Beim Einloggen auf den Webspace oder Webserver wird oft ein FTP-Programm mit Zugangsdaten und Passwort genutzt, um Dateien zu übertragen. Alternativ dazu besteht durch Absicherung der Zugänge mit SSH-Keys zusätzlich die Möglichkeit, den Zugriff auf Daten noch besser zu kontrollieren. Der Zugang erfolgt dann über ein Schlüsselpaar, von welchem sich ein Schlüssel (»Public Key«) auf dem Server befindet. Dazu passend wird ein Nutzer-Schlüssel (»Private Key«) erstellt. Es ist empfehlenswert, diesen durch ein »Passphrase« genanntes Passwort zusätzlich zu schützen.

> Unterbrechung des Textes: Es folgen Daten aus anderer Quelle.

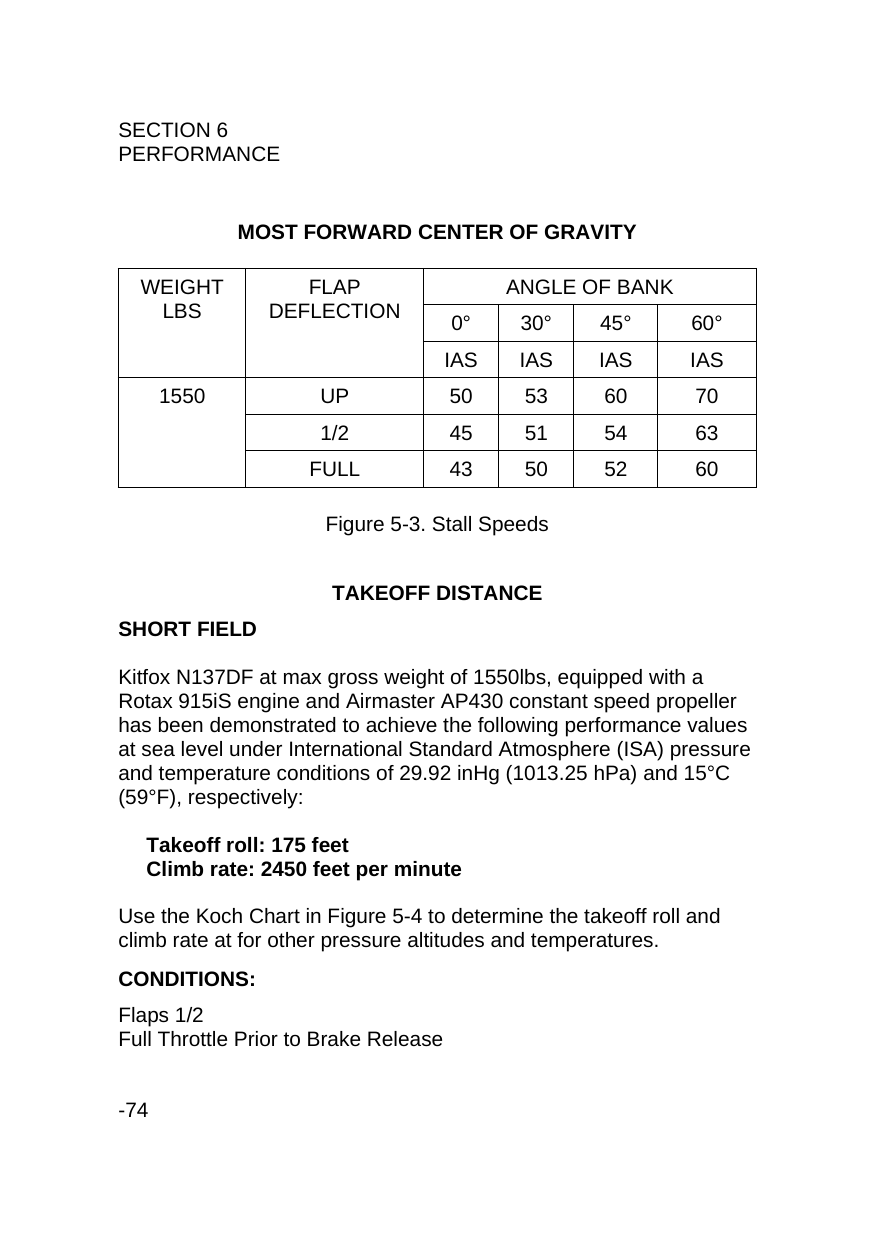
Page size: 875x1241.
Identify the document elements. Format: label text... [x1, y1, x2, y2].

table_cell 0° [424, 305, 498, 341]
table_header ANGLE OF BANK [424, 269, 756, 304]
text Climb rate: 2450 feet per minute [146, 856, 756, 880]
table_cell 53 [499, 378, 573, 414]
table_cell 45° [574, 305, 657, 341]
table_cell 60 [574, 378, 657, 414]
table_cell IAS [658, 342, 756, 377]
table_cell 54 [574, 415, 657, 450]
subtitle TAKEOFF DISTANCE [118, 580, 756, 604]
table_cell 51 [499, 415, 573, 450]
table_cell 45 [424, 415, 498, 450]
table_cell 60° [658, 305, 756, 341]
table_cell IAS [424, 342, 498, 377]
table_cell IAS [574, 342, 657, 377]
table_cell 52 [574, 451, 657, 487]
text SHORT FIELD [118, 617, 756, 641]
table_cell 50 [424, 378, 498, 414]
text Flaps 1/2 [118, 1003, 756, 1027]
table_header FLAP DEFLECTION [246, 269, 423, 377]
text MOST FORWARD CENTER OF GRAVITY [118, 220, 756, 244]
table_cell 1550 [119, 378, 245, 487]
table_cell 30° [499, 305, 573, 341]
table_cell 43 [424, 451, 498, 487]
table_cell FULL [246, 451, 423, 487]
text Takeoff roll: 175 feet [146, 832, 756, 856]
table_cell IAS [499, 342, 573, 377]
table_header WEIGHT LBS [119, 269, 245, 377]
text Full Throttle Prior to Brake Release [118, 1027, 756, 1051]
text Kitfox N137DF at max gross weight of 1550lbs, equipped with a Rotax 915iS engine and Airmaster AP430 constant speed propeller has been demonstrated to achieve the following performance values at sea level under International Standard Atmosphere (ISA) pressure and temperature conditions of 29.92 inHg (1013.25 hPa) and 15°C (59°F), respectively: [118, 665, 756, 808]
table_cell 60 [658, 451, 756, 487]
table_cell 70 [658, 378, 756, 414]
table_cell UP [246, 378, 423, 414]
table_cell 63 [658, 415, 756, 450]
text Figure 5-3. Stall Speeds [118, 512, 756, 536]
table_cell 50 [499, 451, 573, 487]
subtitle CONDITIONS: [118, 967, 756, 991]
table_cell 1/2 [246, 415, 423, 450]
text Use the Koch Chart in Figure 5-4 to determine the takeoff roll and climb rate at for other pressure altitudes and temperatures. [118, 904, 756, 952]
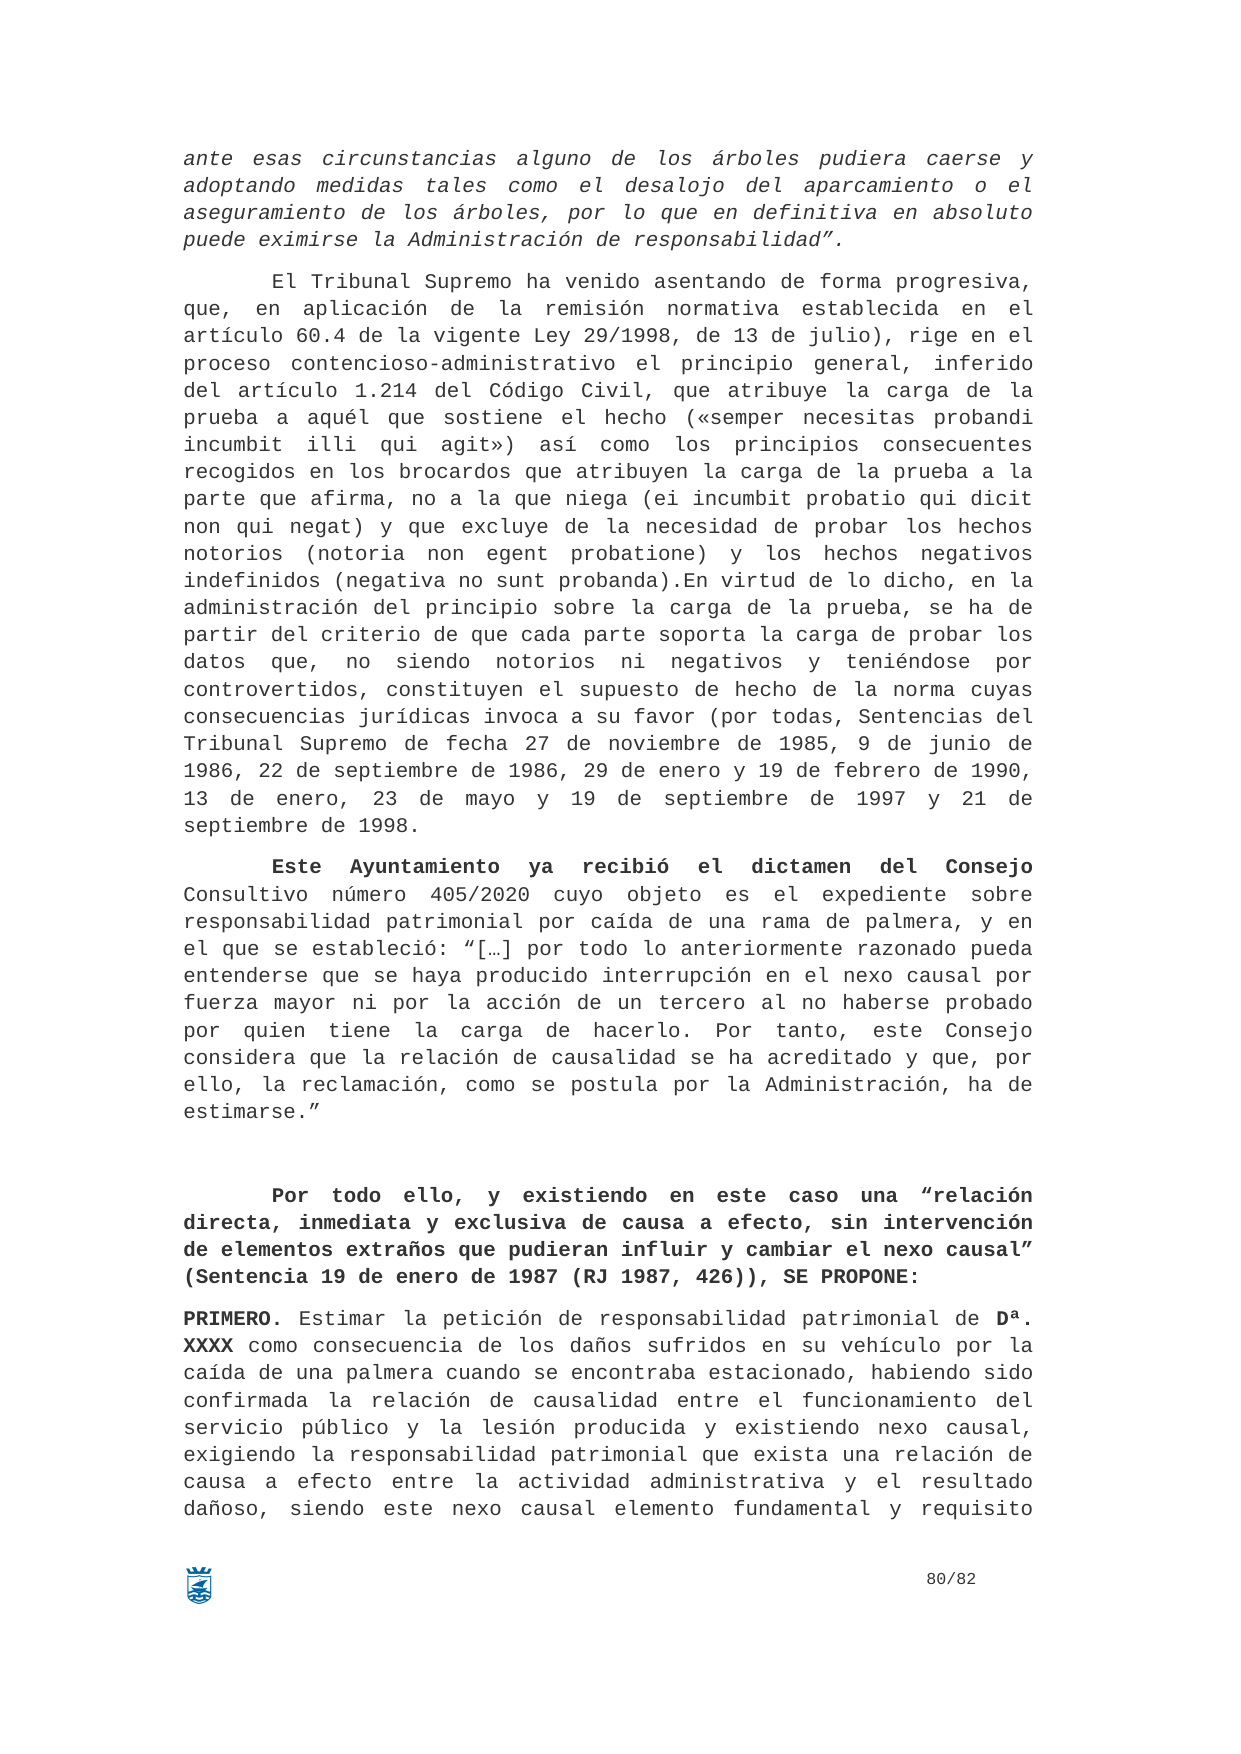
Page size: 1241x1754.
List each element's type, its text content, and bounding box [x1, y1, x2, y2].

picture [183, 1562, 214, 1607]
text Este Ayuntamiento ya recibió el dictamen del Consejo Consultivo número 405/2020 cuyo objeto es el expediente sobre responsabilidad patrimonial por caída de una rama de palmera, y en el que se estableció: “[…] por todo lo anteriormente razonado pueda entenderse que se haya producido interrupción en el nexo causal por fuerza mayor ni por la acción de un tercero al no haberse probado por quien tiene la carga de hacerlo. Por tanto, este Consejo considera que la relación de causalidad se ha acreditado y que, por ello, la reclamación, como se postula por la Administración, ha de estimarse.” [183, 856, 1033, 1125]
text PRIMERO. Estimar la petición de responsabilidad patrimonial de Dª. XXXX como consecuencia de los daños sufridos en su vehículo por la caída de una palmera cuando se encontraba estacionado, habiendo sido confirmada la relación de causalidad entre el funcionamiento del servicio público y la lesión producida y existiendo nexo causal, exigiendo la responsabilidad patrimonial que exista una relación de causa a efecto entre la actividad administrativa y el resultado dañoso, siendo este nexo causal elemento fundamental y requisito [183, 1308, 1033, 1522]
text Por todo ello, y existiendo en este caso una “relación directa, inmediata y exclusiva de causa a efecto, sin intervención de elementos extraños que pudieran influir y cambiar el nexo causal” (Sentencia 19 de enero de 1987 (RJ 1987, 426)), SE PROPONE: [183, 1185, 1033, 1290]
text El Tribunal Supremo ha venido asentando de forma progresiva, que, en aplicación de la remisión normativa establecida en el artículo 60.4 de la vigente Ley 29/1998, de 13 de julio), rige en el proceso contencioso-administrativo el principio general, inferido del artículo 1.214 del Código Civil, que atribuye la carga de la prueba a aquél que sostiene el hecho («semper necesitas probandi incumbit illi qui agit») así como los principios consecuentes recogidos en los brocardos que atribuyen la carga de la prueba a la parte que afirma, no a la que niega (ei incumbit probatio qui dicit non qui negat) y que excluye de la necesidad de probar los hechos notorios (notoria non egent probatione) y los hechos negativos indefinidos (negativa no sunt probanda).En virtud de lo dicho, en la administración del principio sobre la carga de la prueba, se ha de partir del criterio de que cada parte soporta la carga de probar los datos que, no siendo notorios ni negativos y teniéndose por controvertidos, constituyen el supuesto de hecho de la norma cuyas consecuencias jurídicas invoca a su favor (por todas, Sentencias del Tribunal Supremo de fecha 27 de noviembre de 1985, 9 de junio de 1986, 22 de septiembre de 1986, 29 de enero y 19 de febrero de 1990, 13 de enero, 23 de mayo y 19 de septiembre de 1997 y 21 de septiembre de 1998. [183, 271, 1033, 838]
text ante esas circunstancias alguno de los árboles pudiera caerse y adoptando medidas tales como el desalojo del aparcamiento o el aseguramiento de los árboles, por lo que en definitiva en absoluto puede eximirse la Administración de responsabilidad”. [183, 148, 1033, 253]

SSL-Zertifikate / Verschlüsselung

Mit einem SSH-Zugang sichern Seitenbetreiber ihre eigene Verbindung zum Webangebot und Webserver ab. Für die Besucher der Webseite können Seitenbetreiber unabhängig davon eine verschlüsselte Datenübertragung mittels SSL-Zertifikat einrichten. Dabei sind die zu übertragenden Inhalte nur auf dem sendenden Rechner und dem Empfänger-Rechner lesbar. »Weder der Webhosting-Anbieter noch der Internet Service Provider oder Andere können die übertragenen Daten während der Übertragung entschlüsseln. So ist gewährleistet, dass sensible Daten nicht durch Unbefugte abgefangen und missbraucht werden können. Für Kunden von Onlineshops bedeutet dieses Verfahren einen zusätzlichen Schutz ihrer Adress- und Kontodaten«, ergänzt Fabian Kösters.

Virenscan

Auch für Webhosting-Accounts und Webserver können Virenscans durchgeführt werden. Virenscans finden Backdoors, Spamscripte, Trojaner und anderen Schadcode, die durch eine Sicherheitslücke auf dem Webaccount installiert werden konnten. »Sollte eine Virus oder ähnliches gefunden werden, können Betroffene – auch in Zusammenarbeit mit ihrem Hosting-Provider – geeignete Maßnahmen ergreifen. Die betroffenen Bereiche können dann entweder bereinigt werden, oder es wird ein virenfreies Backup wiederhergestellt beziehungsweise eine mit einem Versionierungssystem erstellte frühere Version der Webanwendung«, so Fabian Kösters.